Our legal system, our laws and what the stinking courts require of private citizens as they exempt those who want to hold the most powerful public offices is a form of anti-democratic corruption.   If Joe Biden had health problems that, as Republican-fascists claim were covered up,  the solution to that is to require    ALL PRESIDENTS TO HAVE INDEPENDENT HEALTH CHECKUPS AND THE FULL RECORD OF THAT MADE PUBLIC.    There is no right to privacy when you want that job,  holding it is not a right, it is a privilege if you want to put it in those terms but what it is is a public obligation that entails obligations, not rights. 

Epstein Related Hate Mail

MY FIRST SUSPICION considering the Republican-fascist thug William Barr visited him shortly before his reported death was that Epstein was foolish enough to threaten Barr and others in the Trump 1 regime,   I have every confidence that one of Epstein's first blackmail objects was Barr's father, which explains why he gave him his job teaching at the Dalton school.    I don't for a second believe he killed himself,  probably the only thing that I agree with Ghiz Maxwell about,  the only evidence that he did is the openly sloppy cover-up job that Barr arranged to claim he committed suicide.

My policy from the first minute of hearing about the Epstein trafficking in and raping of minors and that it was rumored - from that first minute - that Bill Clinton may have been implicated,  a man I voted for - was that if he raped children they could lock him up and trow away the key.  I have said the same about anyone with a "D" after their name who was rumored to have been on an Epstein client list,  Bill Richardson and another man I voted for,  George Mitchell and others, not to mention those who weren't politicians.   If any of them are guilty they should be exposed and if convicted serve at least the same kind of term that Ghiz was given in a trial by jury,  proven to be guilty in court.  

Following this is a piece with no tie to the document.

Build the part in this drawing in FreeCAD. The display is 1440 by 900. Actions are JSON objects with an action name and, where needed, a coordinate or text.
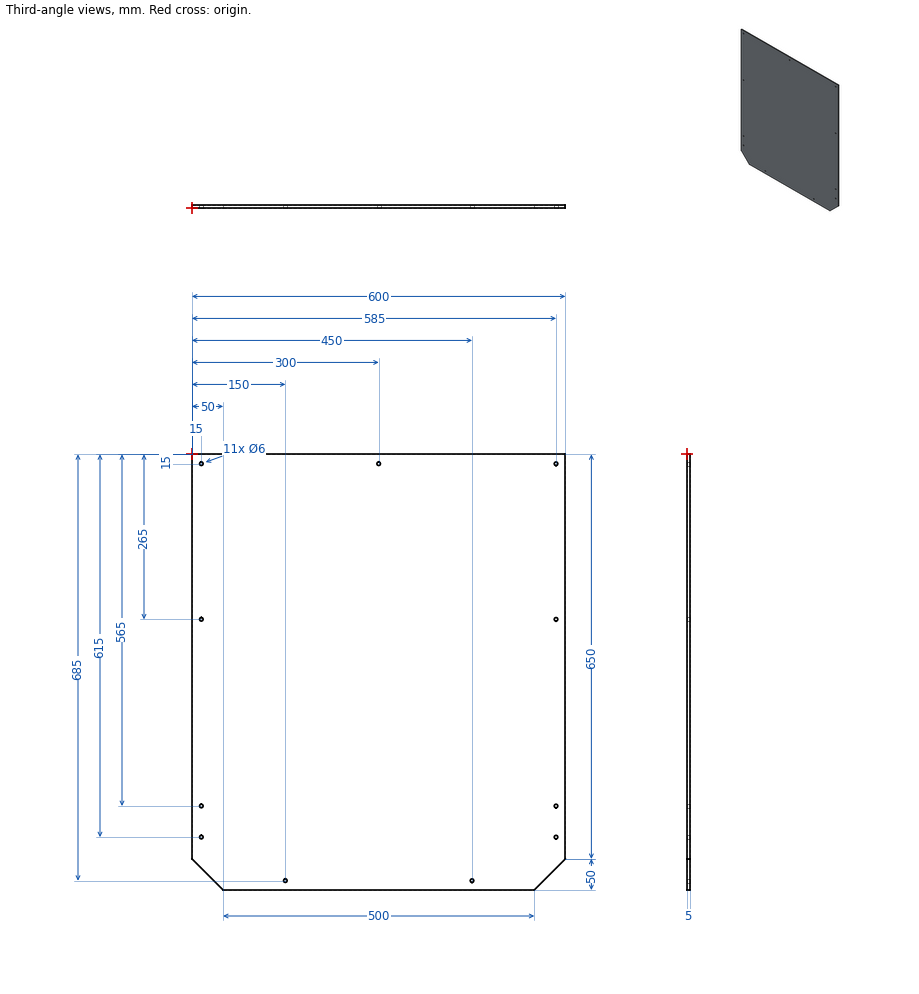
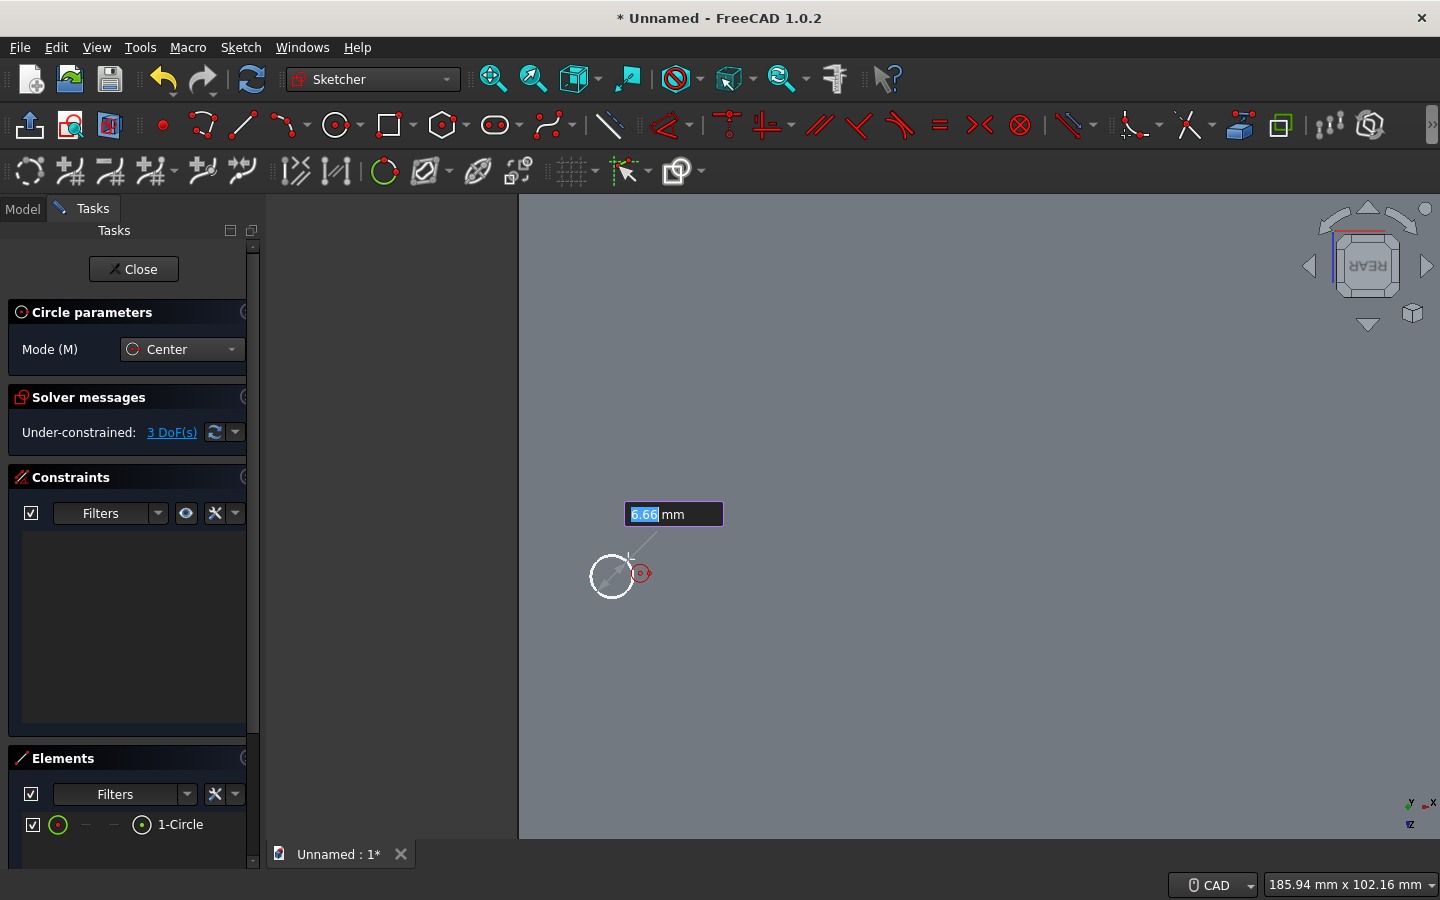
{"action": "left_click", "coordinate": [626, 559]}
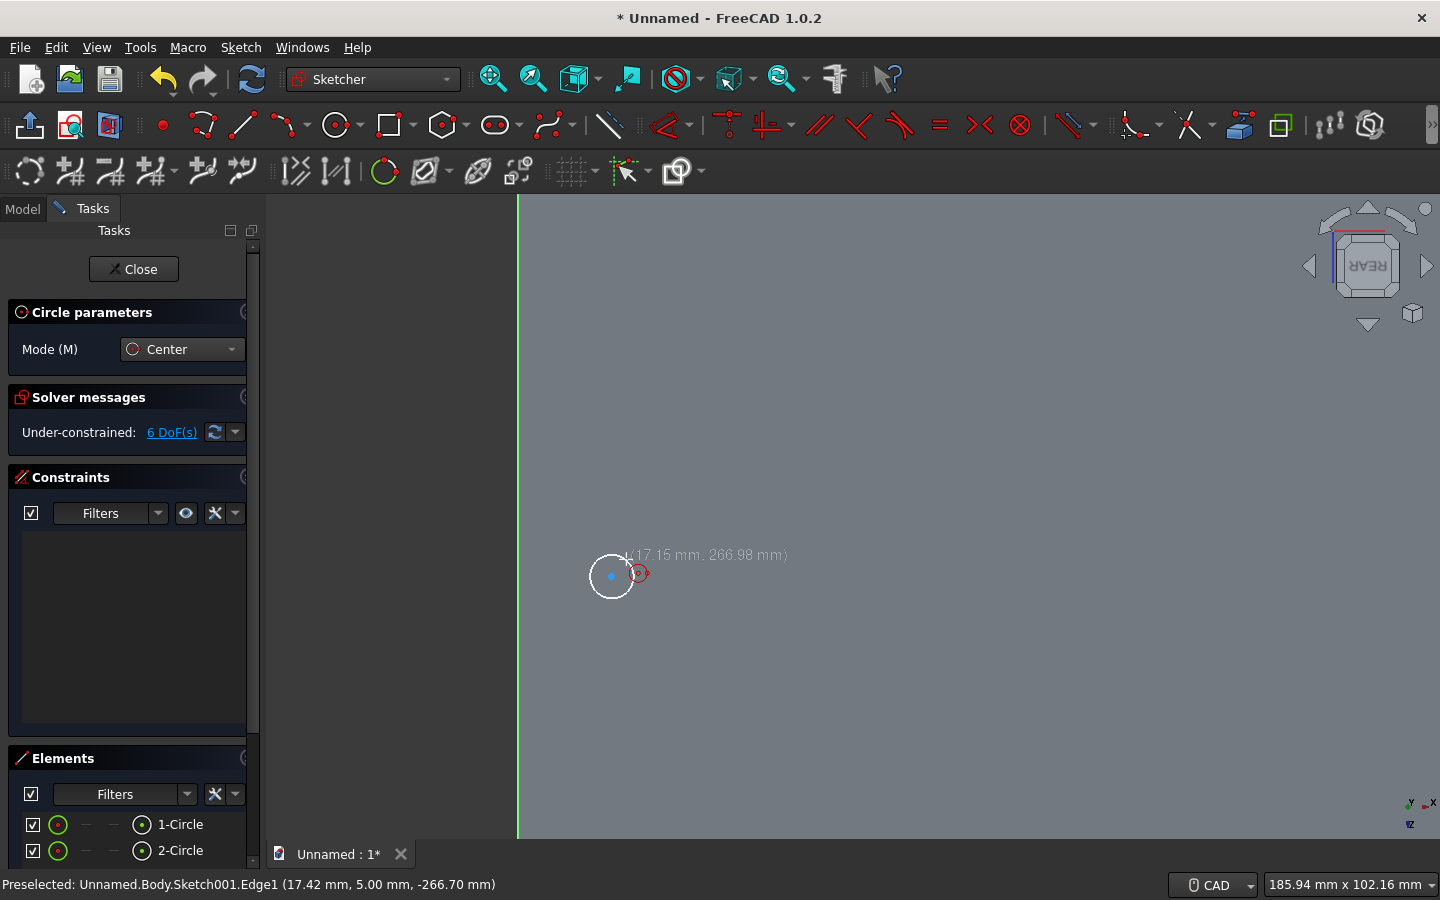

I know of exactly four Republicans who approach that standard of equal justice under the law,  the only ones who are willing to force the release of the Epstein files,  other than them just about every Republican I can name by name is against equal-justice in this matter.   That would be because they either know or suspect that Trump and many other Republicans are implicated and if not them then the millionaire-billionaire donor class that finances their party.  

You are clearly on the side of the child-rapists,  you can add that to white supremacy as the definition of what the modern Republican Party is.   I strongly suspect you'll still be doing that as Trump frees Ghiz from prison and arranges her departure for one of the few countries that won't extradite her to the U.S. goddamned Israel, most likely.    I think it's time to tell Israel that either they extradite criminals to face justice here or they get totally cut off.   Not to mention stop the genocide that we're financing and supporting.   It's all related one way or another.  Anyone who thinks Robert Maxwell's brat doesn't have a very good possibility of being an Israeli agent who was collecting compromat on politicians and others with money and, so, under our own massively corrupt system, power is too stupid to argue with.  Israel is corrupt, it's not stupid enough to not employ someone like her and Epstein.  And I think it's almost if not even more of a certainty that Robert Maxwell's brat would have connections with Russia's dictatorship has to be totally ignorant of his history,  Anyone who denies that has to be ignorant of her father's history.  He was even more openly working in the Communist Russian government's interest, and that was before they officially went capitalist.   Ideology had nothing to do with it, it was all a matter of who would buy what with them.